Users with a number of different physical impairment conditions have the same desire to use computers as able-bodied people (Busby, 1997), but cannot cope with most current computer access systems (Edwards, 1995).
It is important to identify the differences in interaction for users of differing physical capability, because the border between the labels ‘able-bodied’ and ‘motion-impaired’ users is becoming increasingly blurred as the generation of computer users inexorably becomes older and physically less capable. If user models are to retain their relevance, then they have to be able to reflect users' physical capabilities (Stary, 1997).
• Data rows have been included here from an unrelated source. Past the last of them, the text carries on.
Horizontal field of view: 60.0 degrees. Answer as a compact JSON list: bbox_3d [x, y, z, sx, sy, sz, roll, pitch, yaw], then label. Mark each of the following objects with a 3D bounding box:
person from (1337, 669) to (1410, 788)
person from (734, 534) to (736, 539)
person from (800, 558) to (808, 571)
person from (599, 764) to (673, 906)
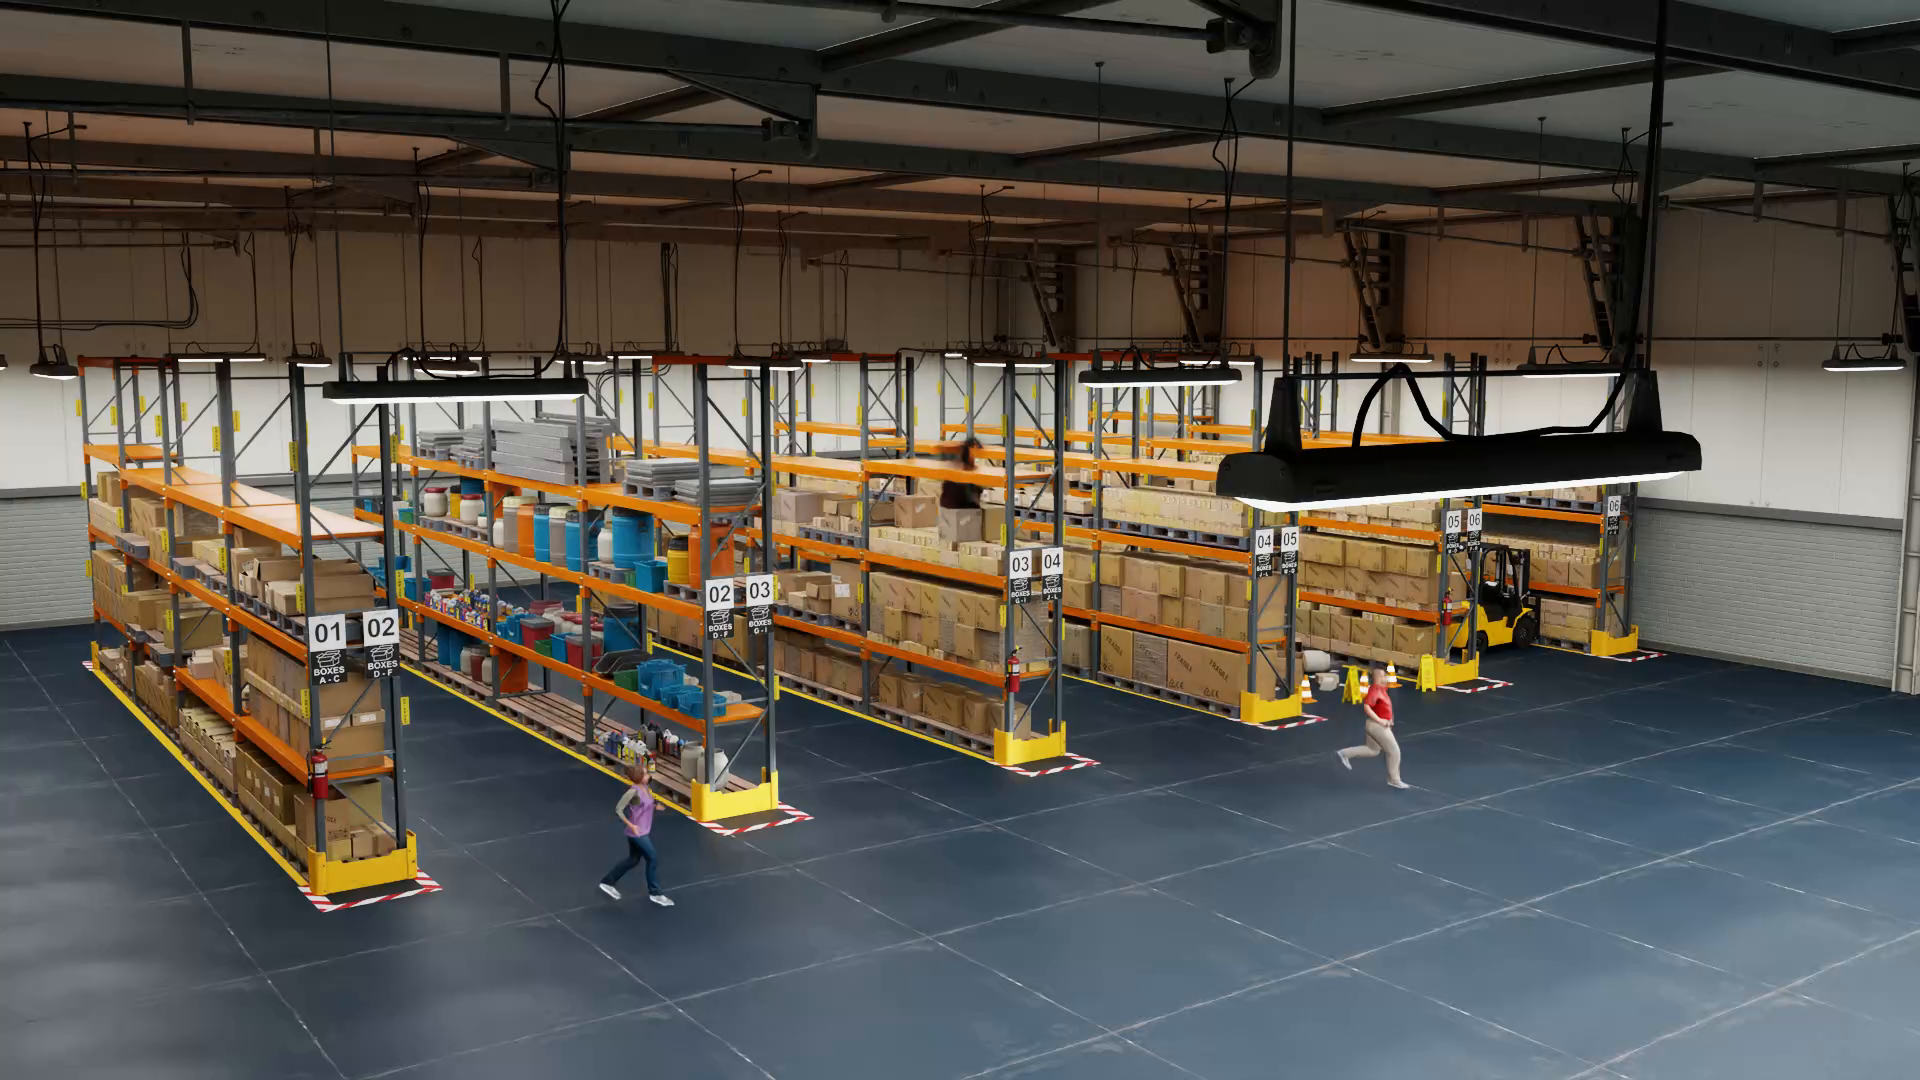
[{"bbox_3d":[5.880,2.670,23.558,1.018,1.713,0.643,1,7,5],"label":"person"},{"bbox_3d":[-5.527,0.658,39.692,0.759,1.783,0.869,-1,7,-9],"label":"person"},{"bbox_3d":[-4.002,0.307,42.628,0.648,1.773,0.858,6,9,39],"label":"person"},{"bbox_3d":[-3.630,3.290,18.589,0.817,1.617,0.523,0,7,-4],"label":"person"}]

Through empirical studies, this paper will show that there are very important differences between those with motion-impairments, whether elderly or disabled, and able-bodied users when they interact with computers. It attempts to quantify where those differences occur in the interaction cycle with the use of a very straightforward user model, the Model Human Processor (MHP) (Card, Moran and Newell, 1983), which describes interaction purely in terms of perception, cognition and motor component times. Although this model is simplistic compared to the more recent sophisticated models, it affords a simple and valuable insight into interaction cycles and offers a building block on which to base more comprehensive models. This work is predicated on the idea that the use of this model in detailed analysis of the basic interaction cycle will provide a means for studying motion impairment at both an individual and general level.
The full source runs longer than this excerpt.